Records to use:
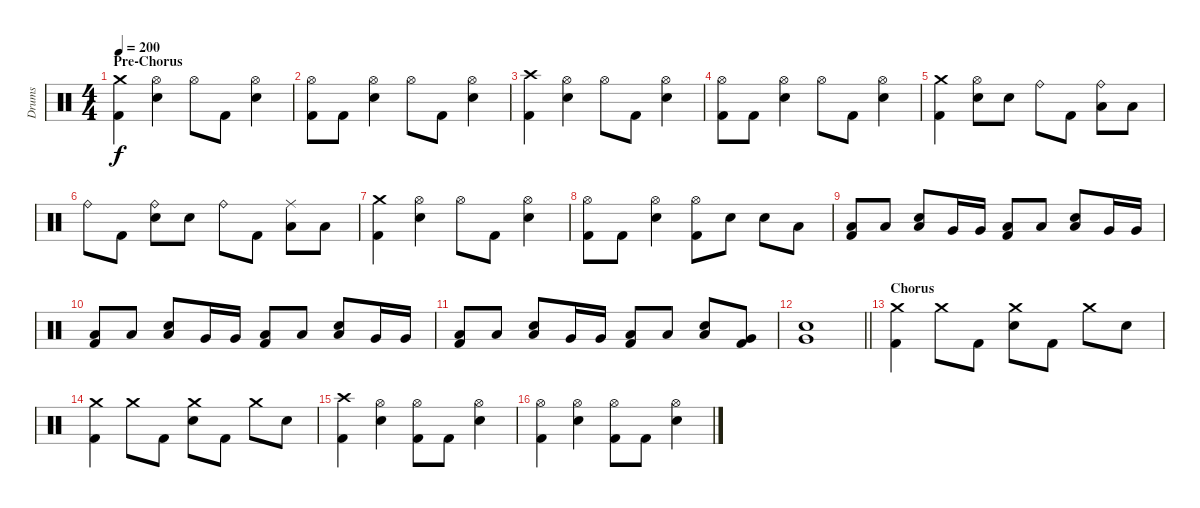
\track ("Drums" "Drums") {instrument percussion}
\staff {score}
\articulation defaults
\ts (4 4)
\section ("" "Pre-Chorus")
\tempo 200
\clef neutral
\ks c
("Crash medium (hit)" "Kick (hit) 2").4{dy f} ("Hi-Hat (open)" "Electric Snare (hit)").4 "Hi-Hat (open)".8 "Kick (hit) 2".8 ("Hi-Hat (open)" "Electric Snare (hit)").4 |
("Hi-Hat (open)" "Kick (hit) 2").8 "Kick (hit) 2".8 ("Hi-Hat (open)" "Electric Snare (hit)").4 "Hi-Hat (open)".8 "Kick (hit) 2".8 ("Hi-Hat (open)" "Electric Snare (hit)").4 |
("Crash high (hit)" "Kick (hit) 2").4 ("Hi-Hat (open)" "Electric Snare (hit)").4 "Hi-Hat (open)".8 "Kick (hit) 2".8 ("Hi-Hat (open)" "Electric Snare (hit)").4 |
("Hi-Hat (open)" "Kick (hit) 2").8 "Kick (hit) 2".8 ("Hi-Hat (open)" "Electric Snare (hit)").4 "Hi-Hat (open)".8 "Kick (hit) 2".8 ("Hi-Hat (open)" "Electric Snare (hit)").4 |
("Crash medium (hit)" "Kick (hit) 2").4 ("Hi-Hat (open)" "Electric Snare (hit)").8 "Electric Snare (hit)".8 "Ride (bell)".8 "Kick (hit) 2".8 ("Ride (bell)" "Low Tom (hit)").8 "Low Tom (hit)".8 |
"Ride (bell)".8 "Kick (hit) 2".8 ("Ride (bell)" "Electric Snare (hit)").8 "Electric Snare (hit)".8 "Ride (bell)".8 "Kick (hit) 2".8 ("Ride (middle)" "Low Tom (hit)").8 "Low Tom (hit)".8 |
("Crash medium (hit)" "Kick (hit) 2").4 ("Hi-Hat (open)" "Electric Snare (hit)").4 "Hi-Hat (open)".8 "Kick (hit) 2".8 ("Hi-Hat (open)" "Electric Snare (hit)").4 |
("Hi-Hat (open)" "Kick (hit) 2").8 "Kick (hit) 2".8 ("Hi-Hat (open)" "Electric Snare (hit)").4 ("Hi-Hat (open)" "Kick (hit) 2").8 "Electric Snare (hit)".8 "Electric Snare (hit)".8 "Low Tom (hit)".8 |
("Low Floor Tom (hit)" "Kick (hit) 2").8 "Low Floor Tom (hit)".8 ("Low Floor Tom (hit)" "Electric Snare (hit)").8 "Very Low Tom (hit)".16 "Very Low Tom (hit)".16 ("Low Floor Tom (hit)" "Kick (hit) 2").8 "Low Floor Tom (hit)".8 ("Low Floor Tom (hit)" "Electric Snare (hit)").8 "Very Low Tom (hit)".16 "Very Low Tom (hit)".16 |
("Low Floor Tom (hit)" "Kick (hit) 2").8 "Low Floor Tom (hit)".8 ("Low Floor Tom (hit)" "Electric Snare (hit)").8 "Very Low Tom (hit)".16 "Very Low Tom (hit)".16 ("Low Floor Tom (hit)" "Kick (hit) 2").8 "Low Floor Tom (hit)".8 ("Low Floor Tom (hit)" "Electric Snare (hit)").8 "Very Low Tom (hit)".16 "Very Low Tom (hit)".16 |
("Low Floor Tom (hit)" "Kick (hit) 2").8 "Low Floor Tom (hit)".8 ("Low Floor Tom (hit)" "Electric Snare (hit)").8 "Very Low Tom (hit)".16 "Very Low Tom (hit)".16 ("Low Floor Tom (hit)" "Kick (hit) 2").8 "Low Floor Tom (hit)".8 ("Low Floor Tom (hit)" "Electric Snare (hit)").8 ("Very Low Tom (hit)" "Kick (hit) 2").8 |
\barLineRight lightlight
("Electric Snare (hit)" "Very Low Tom (hit)").1 |
\section ("" "Chorus")
("Crash medium (hit)" "Kick (hit) 2").4 "Crash medium (hit)".8 "Kick (hit) 2".8 ("Crash medium (hit)" "Electric Snare (hit)").8 "Kick (hit) 2".8 "Crash medium (hit)".8 "Electric Snare (hit)".8 |
("Crash medium (hit)" "Kick (hit) 2").4 "Crash medium (hit)".8 "Kick (hit) 2".8 ("Crash medium (hit)" "Electric Snare (hit)").8 "Kick (hit) 2".8 "Crash medium (hit)".8 "Electric Snare (hit)".8 |
("Crash high (hit)" "Kick (hit) 2").4 ("Hi-Hat (open)" "Electric Snare (hit)").4 ("Hi-Hat (open)" "Kick (hit) 2").8 "Kick (hit) 2".8 ("Hi-Hat (open)" "Electric Snare (hit)").4 |
("Hi-Hat (open)" "Kick (hit) 2").4 ("Hi-Hat (open)" "Electric Snare (hit)").4 ("Hi-Hat (open)" "Kick (hit) 2").8 "Kick (hit) 2".8 ("Hi-Hat (open)" "Electric Snare (hit)").4
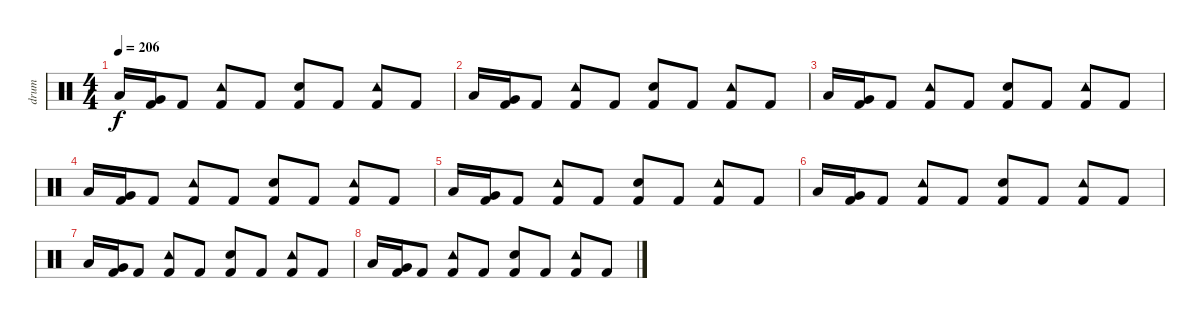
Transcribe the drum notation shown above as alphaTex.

\track ("drum" "drum") {instrument percussion}
\staff {score}
\articulation defaults
\ts (4 4)
\tempo 206
\clef neutral
\ks c "Low Tom (hit)".16{dy f}
("Very Low Tom (hit)" "Kick (hit) 2").16 "Kick (hit) 2".8 ("Tambourine (hit)" "Kick (hit) 2").8 "Kick (hit) 2".8 ("Electric Snare (hit)" "Kick (hit) 2").8 "Kick (hit) 2".8 ("Tambourine (hit)" "Kick (hit) 2").8 "Kick (hit) 2".8 |
"Low Tom (hit)".16 ("Very Low Tom (hit)" "Kick (hit) 2").16 "Kick (hit) 2".8 ("Tambourine (hit)" "Kick (hit) 2").8 "Kick (hit) 2".8 ("Electric Snare (hit)" "Kick (hit) 2").8 "Kick (hit) 2".8 ("Tambourine (hit)" "Kick (hit) 2").8 "Kick (hit) 2".8 |
"Low Tom (hit)".16 ("Very Low Tom (hit)" "Kick (hit) 2").16 "Kick (hit) 2".8 ("Tambourine (hit)" "Kick (hit) 2").8 "Kick (hit) 2".8 ("Electric Snare (hit)" "Kick (hit) 2").8 "Kick (hit) 2".8 ("Tambourine (hit)" "Kick (hit) 2").8 "Kick (hit) 2".8 |
"Low Tom (hit)".16 ("Very Low Tom (hit)" "Kick (hit) 2").16 "Kick (hit) 2".8 ("Tambourine (hit)" "Kick (hit) 2").8 "Kick (hit) 2".8 ("Electric Snare (hit)" "Kick (hit) 2").8 "Kick (hit) 2".8 ("Tambourine (hit)" "Kick (hit) 2").8 "Kick (hit) 2".8 |
"Low Tom (hit)".16 ("Very Low Tom (hit)" "Kick (hit) 2").16 "Kick (hit) 2".8 ("Tambourine (hit)" "Kick (hit) 2").8 "Kick (hit) 2".8 ("Electric Snare (hit)" "Kick (hit) 2").8 "Kick (hit) 2".8 ("Tambourine (hit)" "Kick (hit) 2").8 "Kick (hit) 2".8 |
"Low Tom (hit)".16 ("Very Low Tom (hit)" "Kick (hit) 2").16 "Kick (hit) 2".8 ("Tambourine (hit)" "Kick (hit) 2").8 "Kick (hit) 2".8 ("Electric Snare (hit)" "Kick (hit) 2").8 "Kick (hit) 2".8 ("Tambourine (hit)" "Kick (hit) 2").8 "Kick (hit) 2".8 |
"Low Tom (hit)".16 ("Very Low Tom (hit)" "Kick (hit) 2").16 "Kick (hit) 2".8 ("Tambourine (hit)" "Kick (hit) 2").8 "Kick (hit) 2".8 ("Electric Snare (hit)" "Kick (hit) 2").8 "Kick (hit) 2".8 ("Tambourine (hit)" "Kick (hit) 2").8 "Kick (hit) 2".8 |
"Low Tom (hit)".16 ("Very Low Tom (hit)" "Kick (hit) 2").16 "Kick (hit) 2".8 ("Tambourine (hit)" "Kick (hit) 2").8 "Kick (hit) 2".8 ("Electric Snare (hit)" "Kick (hit) 2").8 "Kick (hit) 2".8 ("Tambourine (hit)" "Kick (hit) 2").8 "Kick (hit) 2".8

Task objective: Across the listing above, how many lines include the word "instrument"? Answer with only the number.

Task output: 2